- **Task to carry out**
Every record must be restated exactly. Drop the images.
╔══
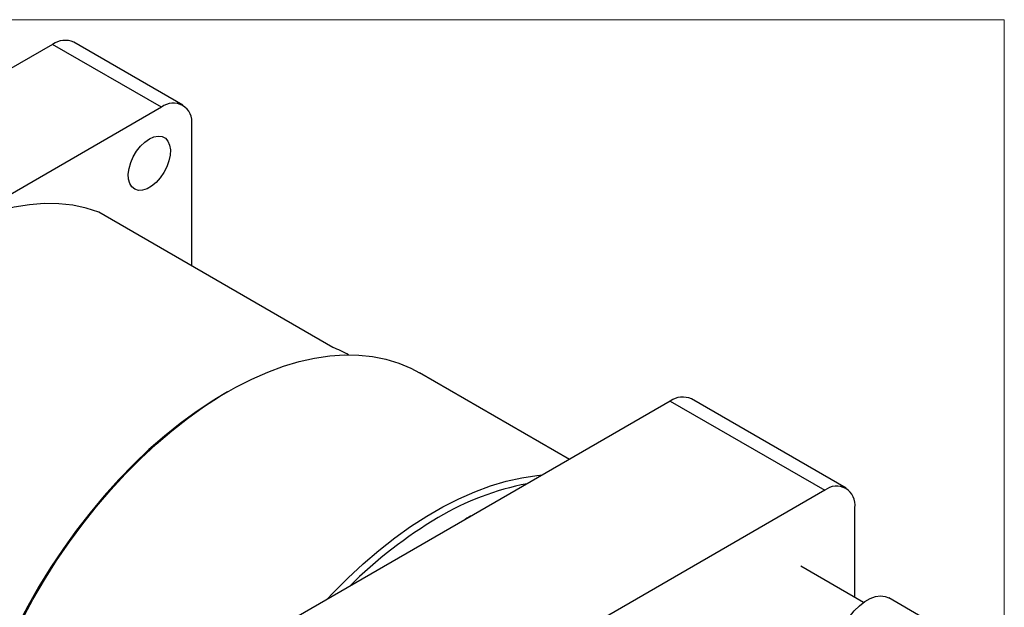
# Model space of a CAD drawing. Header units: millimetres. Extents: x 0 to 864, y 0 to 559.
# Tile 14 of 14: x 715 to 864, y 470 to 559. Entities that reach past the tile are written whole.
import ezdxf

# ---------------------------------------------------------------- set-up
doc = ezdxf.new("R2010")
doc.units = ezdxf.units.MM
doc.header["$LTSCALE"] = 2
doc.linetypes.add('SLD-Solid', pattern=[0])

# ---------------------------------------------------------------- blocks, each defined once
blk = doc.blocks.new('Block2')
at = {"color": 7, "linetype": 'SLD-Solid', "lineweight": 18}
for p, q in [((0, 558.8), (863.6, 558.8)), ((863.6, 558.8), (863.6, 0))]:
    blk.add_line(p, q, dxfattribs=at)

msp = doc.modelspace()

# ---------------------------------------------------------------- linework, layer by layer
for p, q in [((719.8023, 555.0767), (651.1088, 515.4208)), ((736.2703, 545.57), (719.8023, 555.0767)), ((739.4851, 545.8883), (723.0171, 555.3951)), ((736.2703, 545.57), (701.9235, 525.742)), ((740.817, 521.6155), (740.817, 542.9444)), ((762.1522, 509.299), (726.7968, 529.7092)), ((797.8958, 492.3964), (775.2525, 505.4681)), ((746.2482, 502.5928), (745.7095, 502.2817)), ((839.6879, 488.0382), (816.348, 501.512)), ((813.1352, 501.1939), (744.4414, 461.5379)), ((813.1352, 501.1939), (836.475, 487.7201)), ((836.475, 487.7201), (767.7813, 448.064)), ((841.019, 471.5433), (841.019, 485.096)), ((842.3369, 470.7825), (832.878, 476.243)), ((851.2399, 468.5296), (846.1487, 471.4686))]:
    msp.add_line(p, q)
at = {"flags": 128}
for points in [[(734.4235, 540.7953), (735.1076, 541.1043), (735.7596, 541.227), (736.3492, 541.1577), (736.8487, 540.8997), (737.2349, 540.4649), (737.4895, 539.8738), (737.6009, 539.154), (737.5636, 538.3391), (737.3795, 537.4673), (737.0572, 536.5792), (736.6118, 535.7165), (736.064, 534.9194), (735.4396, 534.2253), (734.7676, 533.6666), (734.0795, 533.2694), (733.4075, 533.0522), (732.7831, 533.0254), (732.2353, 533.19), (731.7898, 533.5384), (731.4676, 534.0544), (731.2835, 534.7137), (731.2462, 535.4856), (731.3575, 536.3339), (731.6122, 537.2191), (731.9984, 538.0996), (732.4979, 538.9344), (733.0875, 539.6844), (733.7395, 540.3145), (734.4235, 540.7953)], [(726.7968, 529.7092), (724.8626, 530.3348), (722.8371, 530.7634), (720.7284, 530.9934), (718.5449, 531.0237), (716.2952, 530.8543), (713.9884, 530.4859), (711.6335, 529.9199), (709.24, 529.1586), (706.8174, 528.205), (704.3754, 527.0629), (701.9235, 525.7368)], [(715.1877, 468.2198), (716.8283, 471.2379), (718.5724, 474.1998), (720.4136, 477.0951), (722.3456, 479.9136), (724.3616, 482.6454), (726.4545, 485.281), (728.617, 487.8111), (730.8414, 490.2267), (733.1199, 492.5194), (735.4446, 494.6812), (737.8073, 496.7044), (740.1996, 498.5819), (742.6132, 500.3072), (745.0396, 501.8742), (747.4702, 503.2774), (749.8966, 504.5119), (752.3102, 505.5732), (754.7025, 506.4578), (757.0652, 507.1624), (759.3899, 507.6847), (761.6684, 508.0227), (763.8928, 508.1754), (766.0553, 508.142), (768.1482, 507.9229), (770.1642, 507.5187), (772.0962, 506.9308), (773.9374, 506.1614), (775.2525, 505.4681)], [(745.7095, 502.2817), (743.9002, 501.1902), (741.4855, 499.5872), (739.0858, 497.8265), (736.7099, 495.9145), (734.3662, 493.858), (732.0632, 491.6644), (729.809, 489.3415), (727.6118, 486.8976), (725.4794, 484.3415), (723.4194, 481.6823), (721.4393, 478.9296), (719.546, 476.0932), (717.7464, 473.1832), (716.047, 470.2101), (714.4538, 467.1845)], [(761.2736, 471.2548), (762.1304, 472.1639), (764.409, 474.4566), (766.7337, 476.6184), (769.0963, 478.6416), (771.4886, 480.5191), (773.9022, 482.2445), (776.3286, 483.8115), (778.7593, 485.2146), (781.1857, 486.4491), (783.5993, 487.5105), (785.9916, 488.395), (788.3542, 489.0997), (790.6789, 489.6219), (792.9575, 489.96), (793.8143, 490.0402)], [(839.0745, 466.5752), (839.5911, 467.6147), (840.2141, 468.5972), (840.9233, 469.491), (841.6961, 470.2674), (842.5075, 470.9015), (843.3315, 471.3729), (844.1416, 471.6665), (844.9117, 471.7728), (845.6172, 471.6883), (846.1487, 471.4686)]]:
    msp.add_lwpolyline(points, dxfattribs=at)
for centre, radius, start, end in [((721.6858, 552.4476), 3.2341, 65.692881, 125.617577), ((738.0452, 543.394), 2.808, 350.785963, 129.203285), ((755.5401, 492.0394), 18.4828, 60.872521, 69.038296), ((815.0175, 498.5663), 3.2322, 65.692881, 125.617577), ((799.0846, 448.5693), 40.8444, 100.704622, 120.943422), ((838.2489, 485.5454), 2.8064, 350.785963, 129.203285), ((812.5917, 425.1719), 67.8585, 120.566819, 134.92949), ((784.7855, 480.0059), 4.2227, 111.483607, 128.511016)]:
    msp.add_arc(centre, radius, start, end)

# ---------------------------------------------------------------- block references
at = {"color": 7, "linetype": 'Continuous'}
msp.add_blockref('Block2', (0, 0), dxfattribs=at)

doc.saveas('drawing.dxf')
╚══
- **Completed task**
# Model space of a CAD drawing. Header units: millimetres. Extents: x 0 to 864, y 0 to 559.
# Tile 14 of 14: x 715 to 864, y 470 to 559. Entities that reach past the tile are written whole.
import ezdxf

# ---------------------------------------------------------------- set-up
doc = ezdxf.new("R2010")
doc.units = ezdxf.units.MM
doc.header["$LTSCALE"] = 2
doc.linetypes.add('SLD-Solid', pattern=[0])

# ---------------------------------------------------------------- blocks, each defined once
blk = doc.blocks.new('Block2')
at = {"color": 7, "linetype": 'SLD-Solid', "lineweight": 18}
for p, q in [((0, 558.8), (863.6, 558.8)), ((863.6, 558.8), (863.6, 0))]:
    blk.add_line(p, q, dxfattribs=at)

msp = doc.modelspace()

# ---------------------------------------------------------------- linework, layer by layer
for p, q in [((719.8023, 555.0767), (651.1088, 515.4208)), ((736.2703, 545.57), (719.8023, 555.0767)), ((739.4851, 545.8883), (723.0171, 555.3951)), ((736.2703, 545.57), (701.9235, 525.742)), ((740.817, 521.6155), (740.817, 542.9444)), ((762.1522, 509.299), (726.7968, 529.7092)), ((797.8958, 492.3964), (775.2525, 505.4681)), ((746.2482, 502.5928), (745.7095, 502.2817)), ((839.6879, 488.0382), (816.348, 501.512)), ((813.1352, 501.1939), (744.4414, 461.5379)), ((813.1352, 501.1939), (836.475, 487.7201)), ((836.475, 487.7201), (767.7813, 448.064)), ((841.019, 471.5433), (841.019, 485.096)), ((842.3369, 470.7825), (832.878, 476.243)), ((851.2399, 468.5296), (846.1487, 471.4686))]:
    msp.add_line(p, q)
at = {"flags": 128}
for points in [[(734.4235, 540.7953), (735.1076, 541.1043), (735.7596, 541.227), (736.3492, 541.1577), (736.8487, 540.8997), (737.2349, 540.4649), (737.4895, 539.8738), (737.6009, 539.154), (737.5636, 538.3391), (737.3795, 537.4673), (737.0572, 536.5792), (736.6118, 535.7165), (736.064, 534.9194), (735.4396, 534.2253), (734.7676, 533.6666), (734.0795, 533.2694), (733.4075, 533.0522), (732.7831, 533.0254), (732.2353, 533.19), (731.7898, 533.5384), (731.4676, 534.0544), (731.2835, 534.7137), (731.2462, 535.4856), (731.3575, 536.3339), (731.6122, 537.2191), (731.9984, 538.0996), (732.4979, 538.9344), (733.0875, 539.6844), (733.7395, 540.3145), (734.4235, 540.7953)], [(726.7968, 529.7092), (724.8626, 530.3348), (722.8371, 530.7634), (720.7284, 530.9934), (718.5449, 531.0237), (716.2952, 530.8543), (713.9884, 530.4859), (711.6335, 529.9199), (709.24, 529.1586), (706.8174, 528.205), (704.3754, 527.0629), (701.9235, 525.7368)], [(715.1877, 468.2198), (716.8283, 471.2379), (718.5724, 474.1998), (720.4136, 477.0951), (722.3456, 479.9136), (724.3616, 482.6454), (726.4545, 485.281), (728.617, 487.8111), (730.8414, 490.2267), (733.1199, 492.5194), (735.4446, 494.6812), (737.8073, 496.7044), (740.1996, 498.5819), (742.6132, 500.3072), (745.0396, 501.8742), (747.4702, 503.2774), (749.8966, 504.5119), (752.3102, 505.5732), (754.7025, 506.4578), (757.0652, 507.1624), (759.3899, 507.6847), (761.6684, 508.0227), (763.8928, 508.1754), (766.0553, 508.142), (768.1482, 507.9229), (770.1642, 507.5187), (772.0962, 506.9308), (773.9374, 506.1614), (775.2525, 505.4681)], [(745.7095, 502.2817), (743.9002, 501.1902), (741.4855, 499.5872), (739.0858, 497.8265), (736.7099, 495.9145), (734.3662, 493.858), (732.0632, 491.6644), (729.809, 489.3415), (727.6118, 486.8976), (725.4794, 484.3415), (723.4194, 481.6823), (721.4393, 478.9296), (719.546, 476.0932), (717.7464, 473.1832), (716.047, 470.2101), (714.4538, 467.1845)], [(761.2736, 471.2548), (762.1304, 472.1639), (764.409, 474.4566), (766.7337, 476.6184), (769.0963, 478.6416), (771.4886, 480.5191), (773.9022, 482.2445), (776.3286, 483.8115), (778.7593, 485.2146), (781.1857, 486.4491), (783.5993, 487.5105), (785.9916, 488.395), (788.3542, 489.0997), (790.6789, 489.6219), (792.9575, 489.96), (793.8143, 490.0402)], [(839.0745, 466.5752), (839.5911, 467.6147), (840.2141, 468.5972), (840.9233, 469.491), (841.6961, 470.2674), (842.5075, 470.9015), (843.3315, 471.3729), (844.1416, 471.6665), (844.9117, 471.7728), (845.6172, 471.6883), (846.1487, 471.4686)]]:
    msp.add_lwpolyline(points, dxfattribs=at)
for centre, radius, start, end in [((721.6858, 552.4476), 3.2341, 65.692881, 125.617577), ((738.0452, 543.394), 2.808, 350.785963, 129.203285), ((755.5401, 492.0394), 18.4828, 60.872521, 69.038296), ((815.0175, 498.5663), 3.2322, 65.692881, 125.617577), ((799.0846, 448.5693), 40.8444, 100.704622, 120.943422), ((838.2489, 485.5454), 2.8064, 350.785963, 129.203285), ((812.5917, 425.1719), 67.8585, 120.566819, 134.92949), ((784.7855, 480.0059), 4.2227, 111.483607, 128.511016)]:
    msp.add_arc(centre, radius, start, end)

# ---------------------------------------------------------------- block references
at = {"color": 7, "linetype": 'Continuous'}
msp.add_blockref('Block2', (0, 0), dxfattribs=at)

doc.saveas('drawing.dxf')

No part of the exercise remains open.